Q: How does it fit in with Hadoop and MapReduce - and those companies that are already using them?
A: The RainStor database actually runs natively on Hadoop's Distributed File System (HDFS) and so all features and benefits that you benefit from running RainStor in a NAS environment are the same as when you run it on Hadoop. Your data footprint is reduced because of the granular level compression and therefore you require less nodes. Additionally, queries run 10-100x faster because of built-in filtering and the ability to dynamically eliminate files that do not contain the result-set. And with RainStor, you have the benefit of choosing SQL or MapReduce depending on the query and therefore productivity levels improve because SQL is a standard for all IT departments.
RainStor also provides built-in security and availability, which are expected requirements for large enterprises that deploy mission critical environments on Hadoop. RainStor can be deployed alongside the chosen Hadoop distribution (supporting all of them - Apache, Cloudera, Hortonworks, IBM and MapR) and in fact can be deployed after a customer deploys a Hadoop environment.
Q: What is the typical hardware and systems software platform for production implementations?
A: A typical server would comprise: RedHat Enterprise Linux, 12 core Xeon processors, 24-36 GB RAM. You scale accordingly depending on ingest, query and overall data size and growth.

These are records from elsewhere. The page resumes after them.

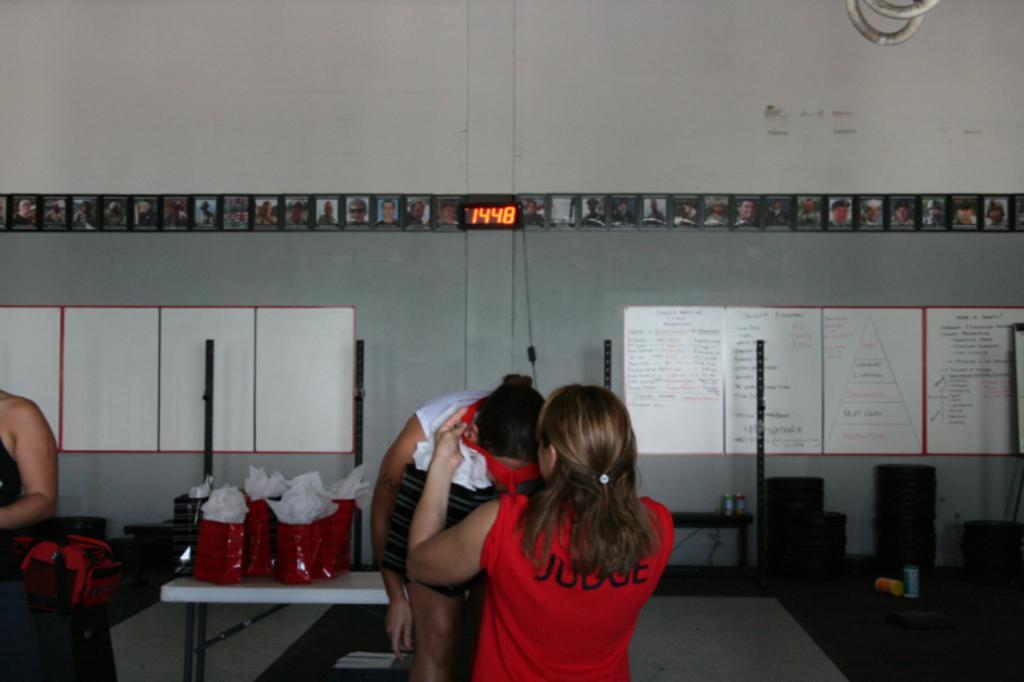Please provide a concise description of this image. In this picture in the front there are persons standing. In the center there is a table which is white in colour, on the table there are objects which are red and white in colour. In the background there is a wall, on the wall there are boards with some text written on it. In front of the wall there are objects which are black in colour and there are bottles on the floor. On the wall there are numbers displaying on the black colour board. 
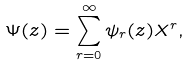Convert formula to latex. <formula><loc_0><loc_0><loc_500><loc_500>\Psi ( z ) = \sum ^ { \infty } _ { r = 0 } \psi _ { r } ( z ) X ^ { r } ,</formula> 
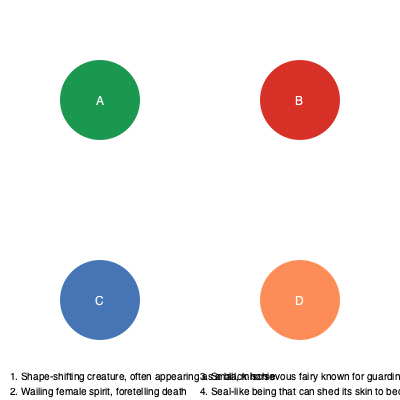Match the Irish mythological creatures (A, B, C, D) to their correct descriptions (1, 2, 3, 4). To match the Irish mythological creatures to their descriptions, let's go through each one:

1. A - This green circle likely represents a Leprechaun, which matches description 3: "Small, mischievous fairy known for guarding treasure." Leprechauns are famous in Irish folklore for their pot of gold at the end of the rainbow.

2. B - The red circle likely symbolizes a Banshee, corresponding to description 2: "Wailing female spirit, foretelling death." In Irish mythology, the cry of a Banshee is said to predict an upcoming death in the family.

3. C - The blue circle probably represents a Selkie, matching description 4: "Seal-like being that can shed its skin to become human." Selkies are mythical creatures from Irish and Scottish folklore that can transform from seals to humans by shedding their skin.

4. D - The orange circle likely depicts a Púca, which fits description 1: "Shape-shifting creature, often appearing as a black horse." Púcas are shape-shifters in Irish folklore, known for their ability to take various animal forms, with a black horse being one of the most common.

Therefore, the correct matching is:
A - 3
B - 2
C - 4
D - 1
Answer: A3, B2, C4, D1 
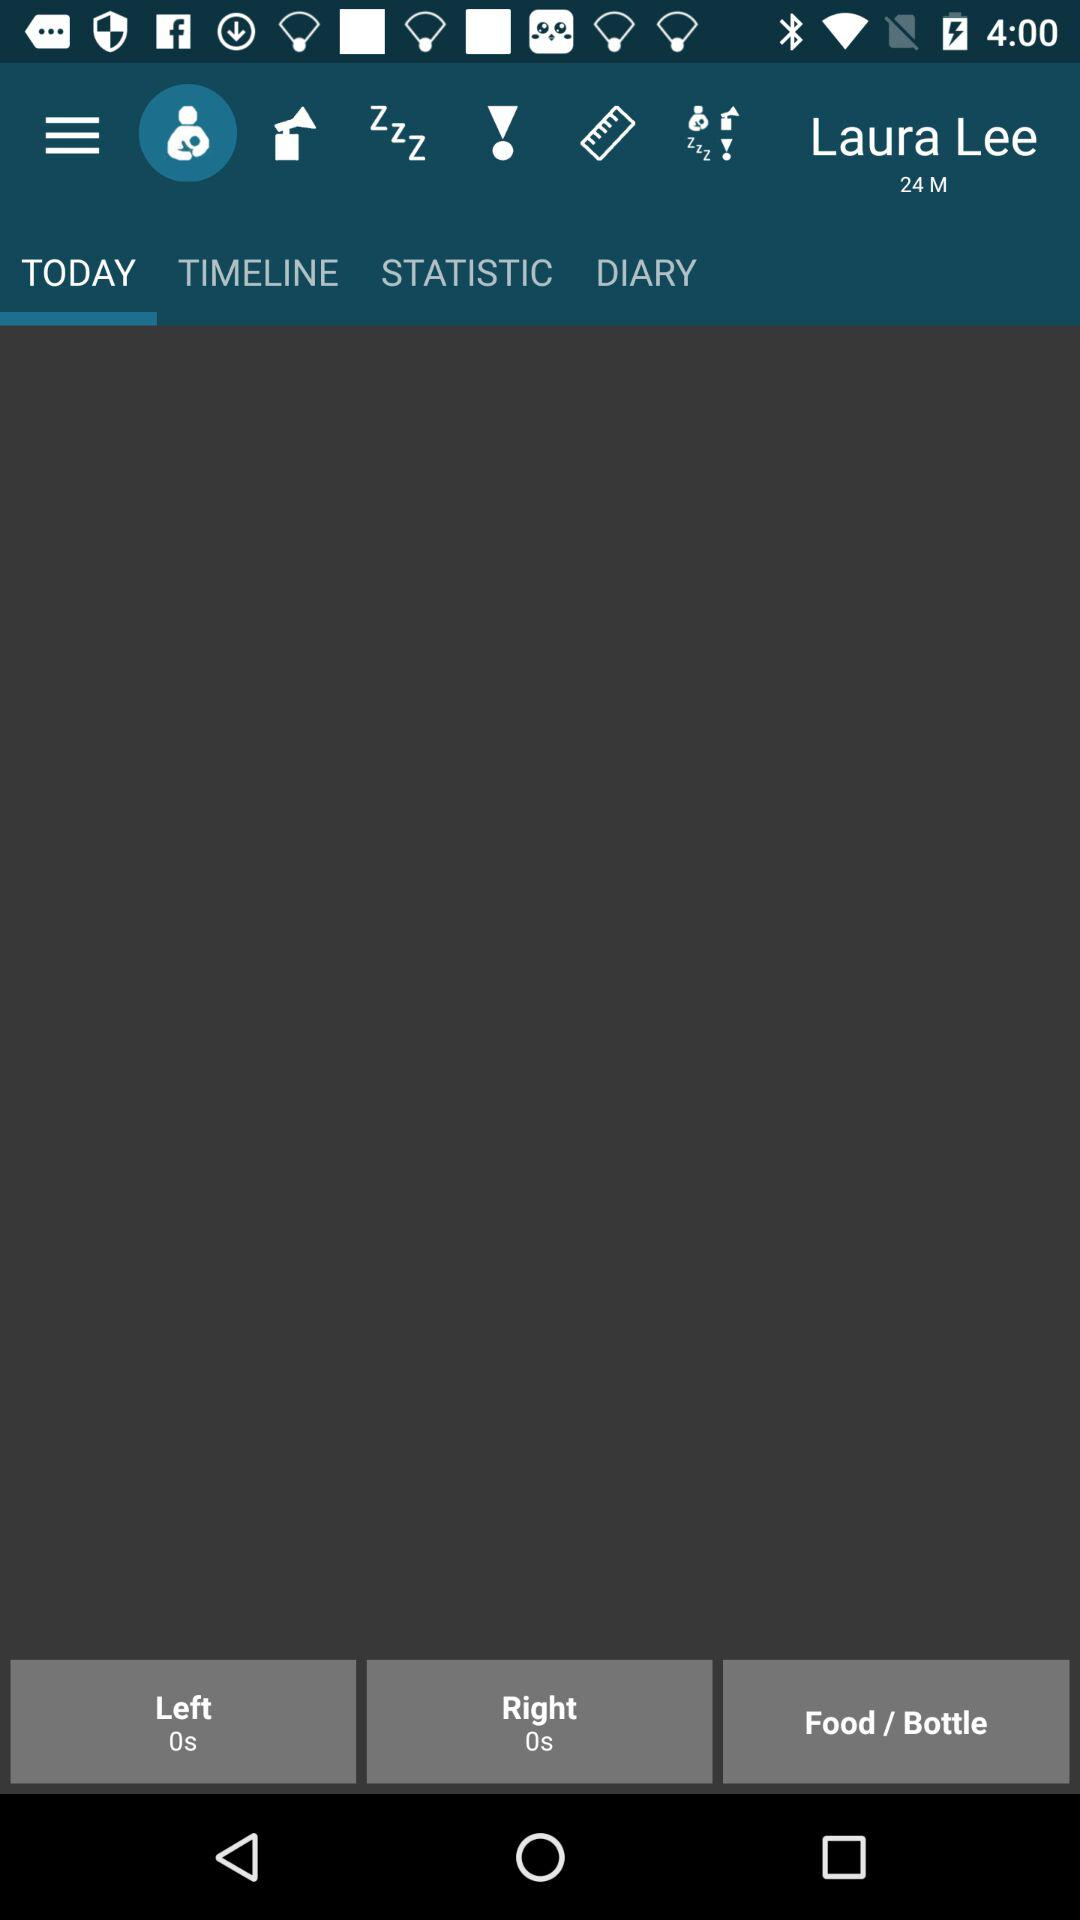What is the age? The age is 24 years. 
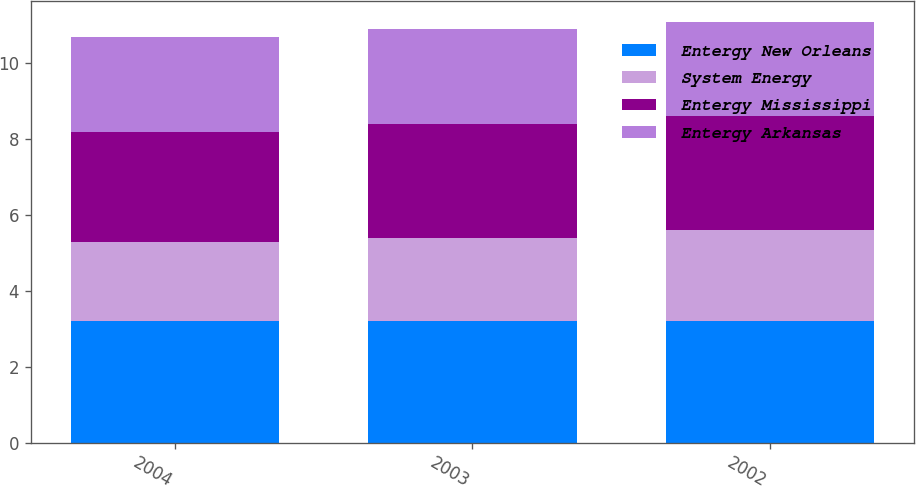<chart> <loc_0><loc_0><loc_500><loc_500><stacked_bar_chart><ecel><fcel>2004<fcel>2003<fcel>2002<nl><fcel>Entergy New Orleans<fcel>3.2<fcel>3.2<fcel>3.2<nl><fcel>System Energy<fcel>2.1<fcel>2.2<fcel>2.4<nl><fcel>Entergy Mississippi<fcel>2.9<fcel>3<fcel>3<nl><fcel>Entergy Arkansas<fcel>2.5<fcel>2.5<fcel>2.5<nl></chart>

Q: What are some financial markets applications where it has found success? How is its performance compared to traditional SQL and Hadoop data stores?
A: RainStor's database has been deployed at a number of financial services organisations and the exact architecture depends on the business use-case. Financial institutions are driven by compliance regulations where they must retain transaction and trade data for specific timeframes and when data growth rates exceed the capacity of the existing database or data warehouse environment, they need a plan to enable ongoing storage and access at lower TCO. RainStor augments the data warehouse where you offload older data to a RainStor instance, retain the data at much lower cost and at the same time auto-expire data as compliance rules dictate. Without RainStor, you may have to put the data to offline tape which is not queryable, very difficult to reinstate and certainly not easy to auto-expire which impacts compliance regulations.
A second use-case for financial institutions with RainStor is to land data from internal and external networks directly on a Hadoop based platform running RainStor's database. This could encompass customer behaviour activity with various online applications or trade and tick data that must be retained for specific time periods after the transactions take place. Because RainStor allows you to run queries via SQL or your favorite BI tool in addition to Hadoop MapReduce, your productivity levels improve in addition to overall costs being lowered. RainStor's query and analytics performance improves over standard Hadoop MapReduce because of the unique dynamic filtering capabilities giving you 10-100x faster response times.
Q: What's next for RainStor in terms of your business and technology directions?
A: RainStor continues to build out its business worldwide selling both directly and through its strategic partners helping large enterprises improve overall management and analytics of their critical data asset. RainStor is fast and easy to deploy and supports all enterprise standards that banks and financial services have come to expect which includes built-in security and availability as well as SQL and well-known BI tools. RainStor fundamentally believes that big data doesn't have to cost "Big Bucks" and when organisations need to reduce IT infrastructure costs, RainStor is a must-have. A key requirement for banking and financial institutions is greater control over the data being managed and RainStor's unique capability to auto-expire down to the record level makes it a unique fit for the industry.
RainStor continues to improve it's products focusing on it's unique combination of capabilities which include rapid data ingestion, compression, fast query and analysis, compliance, scale and overall ease-of-use providing a solution that has the lowest total cost.